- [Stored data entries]

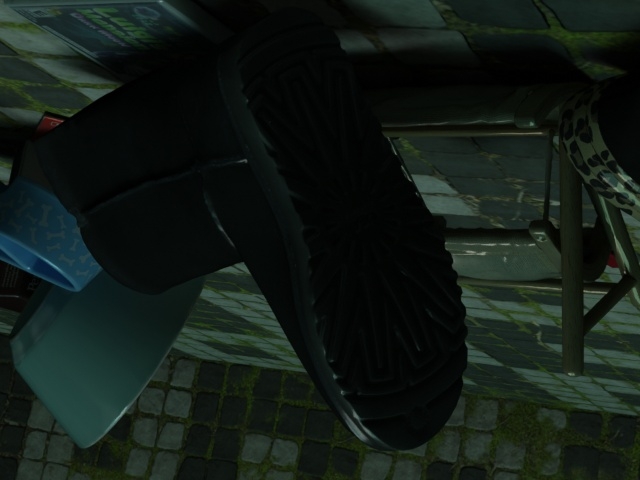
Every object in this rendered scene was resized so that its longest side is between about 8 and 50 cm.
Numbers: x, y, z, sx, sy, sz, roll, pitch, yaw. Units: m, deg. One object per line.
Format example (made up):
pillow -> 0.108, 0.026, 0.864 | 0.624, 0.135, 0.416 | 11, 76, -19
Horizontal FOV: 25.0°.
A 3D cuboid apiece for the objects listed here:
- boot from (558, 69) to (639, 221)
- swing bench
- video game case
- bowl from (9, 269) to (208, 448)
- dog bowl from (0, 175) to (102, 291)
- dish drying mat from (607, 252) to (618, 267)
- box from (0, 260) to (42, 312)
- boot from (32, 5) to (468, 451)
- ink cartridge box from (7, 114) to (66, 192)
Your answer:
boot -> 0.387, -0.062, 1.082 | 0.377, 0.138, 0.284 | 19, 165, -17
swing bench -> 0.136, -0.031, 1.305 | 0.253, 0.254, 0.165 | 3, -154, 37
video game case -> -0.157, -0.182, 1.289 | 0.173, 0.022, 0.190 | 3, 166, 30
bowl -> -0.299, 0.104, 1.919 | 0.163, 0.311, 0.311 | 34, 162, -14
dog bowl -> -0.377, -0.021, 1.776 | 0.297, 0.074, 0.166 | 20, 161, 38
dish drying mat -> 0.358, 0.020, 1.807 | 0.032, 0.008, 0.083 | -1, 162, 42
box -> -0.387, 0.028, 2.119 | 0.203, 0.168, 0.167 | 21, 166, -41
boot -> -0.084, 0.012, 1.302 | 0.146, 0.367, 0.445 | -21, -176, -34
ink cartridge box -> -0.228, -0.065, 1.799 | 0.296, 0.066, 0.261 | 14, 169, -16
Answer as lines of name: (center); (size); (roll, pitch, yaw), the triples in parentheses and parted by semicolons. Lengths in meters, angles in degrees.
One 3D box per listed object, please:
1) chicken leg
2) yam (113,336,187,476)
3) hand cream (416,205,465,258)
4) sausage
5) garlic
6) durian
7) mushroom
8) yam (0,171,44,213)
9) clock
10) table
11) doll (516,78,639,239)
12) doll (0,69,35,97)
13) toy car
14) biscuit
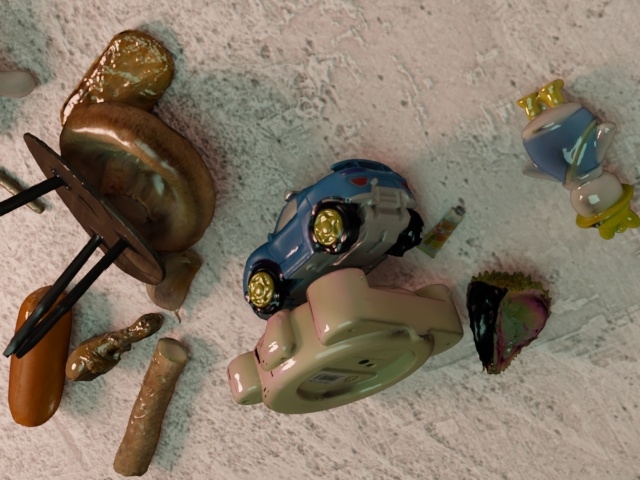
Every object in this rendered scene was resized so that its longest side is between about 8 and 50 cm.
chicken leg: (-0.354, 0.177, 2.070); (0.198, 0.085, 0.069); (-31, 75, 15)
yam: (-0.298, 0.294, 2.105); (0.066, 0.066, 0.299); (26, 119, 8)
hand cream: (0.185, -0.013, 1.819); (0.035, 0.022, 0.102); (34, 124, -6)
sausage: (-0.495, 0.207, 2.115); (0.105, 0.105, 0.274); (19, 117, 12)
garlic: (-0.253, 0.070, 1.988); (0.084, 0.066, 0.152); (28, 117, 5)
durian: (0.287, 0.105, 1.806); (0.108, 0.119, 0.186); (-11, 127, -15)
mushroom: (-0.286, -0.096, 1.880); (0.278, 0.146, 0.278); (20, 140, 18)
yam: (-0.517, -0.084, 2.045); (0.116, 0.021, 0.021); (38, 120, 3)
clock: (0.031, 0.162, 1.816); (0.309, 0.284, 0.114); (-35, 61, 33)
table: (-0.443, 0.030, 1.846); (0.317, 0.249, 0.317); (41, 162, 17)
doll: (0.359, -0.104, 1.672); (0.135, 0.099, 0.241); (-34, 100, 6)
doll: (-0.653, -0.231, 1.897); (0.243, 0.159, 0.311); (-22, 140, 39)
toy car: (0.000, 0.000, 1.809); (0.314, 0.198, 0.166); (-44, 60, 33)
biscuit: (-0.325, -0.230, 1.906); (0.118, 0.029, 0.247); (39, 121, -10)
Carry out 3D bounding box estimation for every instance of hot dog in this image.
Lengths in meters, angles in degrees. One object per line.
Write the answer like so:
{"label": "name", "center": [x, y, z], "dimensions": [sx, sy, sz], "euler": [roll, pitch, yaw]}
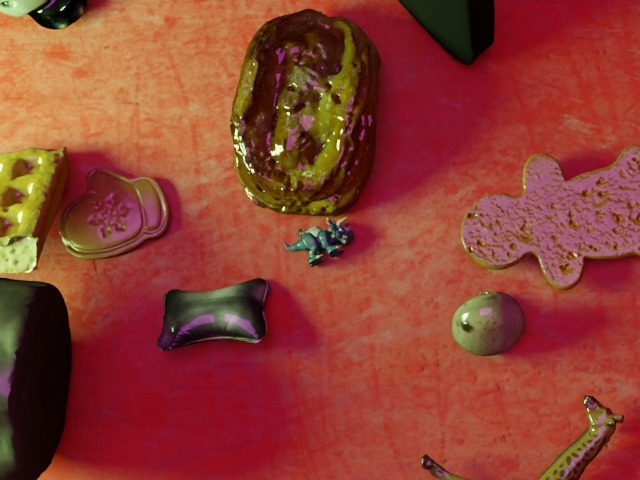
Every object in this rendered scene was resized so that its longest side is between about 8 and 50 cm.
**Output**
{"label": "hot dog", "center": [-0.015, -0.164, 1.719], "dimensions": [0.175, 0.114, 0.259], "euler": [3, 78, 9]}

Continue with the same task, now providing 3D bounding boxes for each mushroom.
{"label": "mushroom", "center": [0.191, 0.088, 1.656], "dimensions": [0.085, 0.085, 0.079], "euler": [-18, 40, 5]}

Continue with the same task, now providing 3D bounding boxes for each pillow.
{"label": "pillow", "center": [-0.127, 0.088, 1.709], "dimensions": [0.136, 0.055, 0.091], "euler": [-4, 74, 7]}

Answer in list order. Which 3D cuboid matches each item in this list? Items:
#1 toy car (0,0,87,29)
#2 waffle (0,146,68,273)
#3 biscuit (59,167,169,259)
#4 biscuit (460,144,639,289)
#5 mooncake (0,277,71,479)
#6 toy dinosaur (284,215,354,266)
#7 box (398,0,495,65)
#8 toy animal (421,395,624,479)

- [Action item] Final part of the records: return the line that contains "#3 biscuit (59,167,169,259)" and every line after it, exactly, with no other lines added.

- [Reply]
#3 biscuit (59,167,169,259)
#4 biscuit (460,144,639,289)
#5 mooncake (0,277,71,479)
#6 toy dinosaur (284,215,354,266)
#7 box (398,0,495,65)
#8 toy animal (421,395,624,479)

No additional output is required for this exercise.